There is an old sea chest in the living room that they use for a coffee table, and Eames pulls one of their colorful presents from Ariadne out of it before heading for the front porch. Fifteen different shades of wool in uneven but enthusiastic knit-work make a huge, gorgeously-patterned afghan. What Ariadne lacks in crafting skills she makes up for in her brilliant eye for design. More importantly, the enormous thing is *warm*.
Their house is in a rural part of upstate New York, and now in the beginning of autumn the trees are turning variegated shades of gold and red and orange, responding to the chill in the air and the turn of the earth. Only a few other houses share the tiny access road, the closest a quarter of a mile away in its own patch of early evening sun. Eames settles himself in the wooden porch swing he'd made for them four years ago, ready to see once more the pageant of colors in the sky as the sun sets over the low hills surrounding their home.

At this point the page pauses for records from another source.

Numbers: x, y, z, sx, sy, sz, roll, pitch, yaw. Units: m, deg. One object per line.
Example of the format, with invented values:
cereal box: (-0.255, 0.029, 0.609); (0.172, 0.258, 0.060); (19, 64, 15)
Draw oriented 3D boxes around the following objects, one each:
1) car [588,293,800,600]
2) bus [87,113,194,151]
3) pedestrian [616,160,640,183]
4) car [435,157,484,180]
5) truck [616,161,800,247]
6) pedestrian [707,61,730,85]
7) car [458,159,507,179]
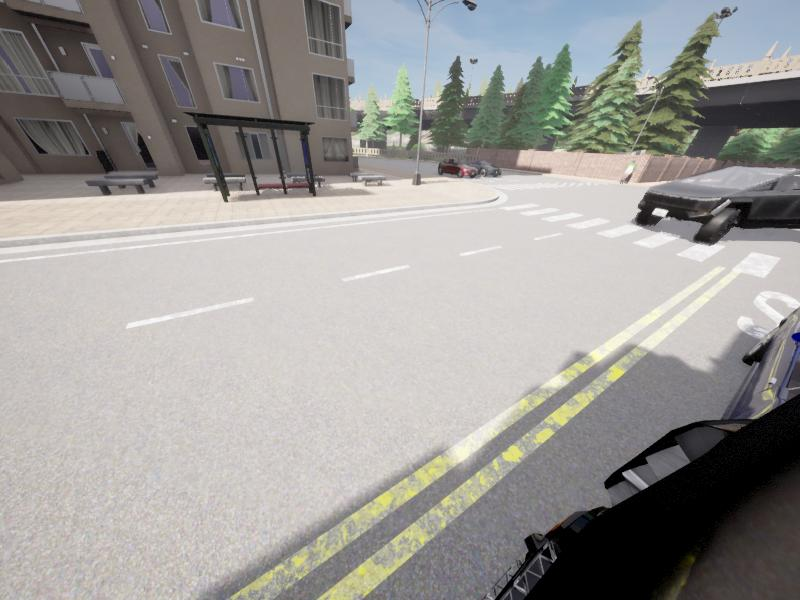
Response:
car: (3.722, 1.079, 1.440); (4.718, 1.301, 1.895); (-16, 38, -26)
bus: (-41.799, -27.499, 38.191); (10.273, 4.253, 3.944); (-15, 37, -24)
pedestrian: (21.282, -11.990, 21.554); (0.751, 1.860, 0.751); (-23, 41, -33)
car: (5.322, -12.247, 21.374); (1.816, 1.474, 4.193); (-16, 38, -26)
truck: (11.692, -3.215, 7.711); (6.274, 2.098, 2.390); (-1, 33, -5)
pedestrian: (37.571, -26.752, 27.248); (0.751, 1.860, 0.751); (-18, 39, -29)
car: (8.124, -13.266, 23.222); (1.994, 1.385, 4.181); (-17, 38, -27)
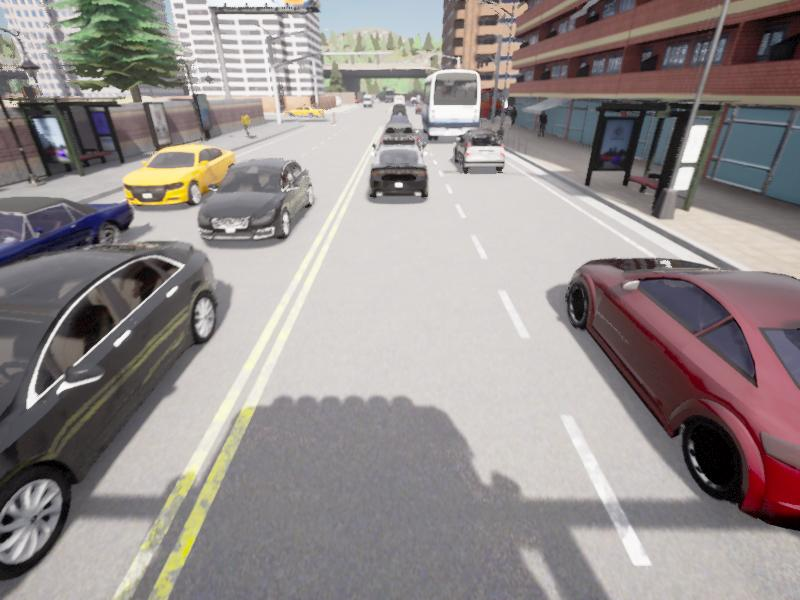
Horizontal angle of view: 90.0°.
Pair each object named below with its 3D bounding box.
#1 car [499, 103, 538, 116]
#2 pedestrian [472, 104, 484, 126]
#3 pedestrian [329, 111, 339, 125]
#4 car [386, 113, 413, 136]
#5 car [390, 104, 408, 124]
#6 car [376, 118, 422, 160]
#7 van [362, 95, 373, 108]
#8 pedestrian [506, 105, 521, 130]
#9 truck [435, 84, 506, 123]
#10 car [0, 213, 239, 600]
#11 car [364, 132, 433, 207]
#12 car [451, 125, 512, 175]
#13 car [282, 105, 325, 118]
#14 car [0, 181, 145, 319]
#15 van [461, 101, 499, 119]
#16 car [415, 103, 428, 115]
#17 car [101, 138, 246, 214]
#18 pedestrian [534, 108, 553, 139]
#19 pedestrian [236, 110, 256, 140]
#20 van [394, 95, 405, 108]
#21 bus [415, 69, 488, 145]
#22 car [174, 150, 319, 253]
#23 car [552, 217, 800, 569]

The black clouds hovering in the east are moving more quickly now, a breeze picking up. The crimsons and pinks of the sunset contrast vividly with the storm colors, and the richness soothes something in Eames' heart that always longs for dramatic displays. He loves storms, the noise and wildness of them, the unrestricted howling of thunder and the way the air quivers with impulses he can feel in the animal senses of his body.
The swing creaks soothingly and he rocks, wrapped in wool and memories of the first time he'd shown the swing to Arthur. It'd been raining, and Arthur had been screaming at Eames and looked ready to punch him, accusing him of cheating and wanting to leave and various other ideas he'd been nurturing somewhere deep in his locked heart. Where he'd been for the last six hours was the topic of this wholly unexpected rant, and so Eames had grabbed him by his dangerous hand and dragged him out on the porch in the pouring rain to show him the swing he'd been sneaking off to work on for the last two weeks.
“There,” Eames had shouted back, furious and insulted and desperately in love. “That is your rival. And I'm so eager to leave you that I made us porch furniture. Congratulations on figuring me out, now kindly sod off while I go meet my dozens of paramours at the airport.”
And Arthur had been utterly bewildered. His face had wrinkled up in what was an unfairly adorable expression of confusion as he stared at the swing as if it were some kind of dream anomaly. He had, at least, stopped ranting and accusing, and Eames had suddenly known that he would do anything, anything at all for him, build him a castle or take up Judaism or promise to never ever look at another man again as long as he lived, just to see his face in all its shades of wonder.
“Darling,” he'd said then, and dropped to one knee. “Please promise to yell in jealous rage only at me, for as long as we both shall live, and I will stay with you when you are old and disgusting, and feed you baby food from small jars and change your bed linens when you are sick and make you so happy until then that you won't mind getting old.”
Now Arthur comes out onto the porch shivering in his light clothes, a California boy who thinks he belongs on the East coast, but never remembers to wear a jumper. He glances at the clouds but makes a beeline toward Eames, creeping in under the edge of the blanket Eames lifts for him, wrapping both Eames and the wool around himself with a contented sigh. The edge of the afghan curling against Arthur's neck happens to be a peacock blue, and it makes Eames happy to see him in such a color. One day, he'll convince his love to wear something truly shocking, bright red or pink or yellow, and he'll know that Arthur is finally, perfectly his.
Until that day, he will do what he does now, and pull Arthur close against the growing chill, listening to the thunder rolling across the land from a safe haven in a beautiful corner of the world.
"Be thou the rainbow in the storms of life. The evening beam that smiles the clouds away, and tints tomorrow with prophetic ray."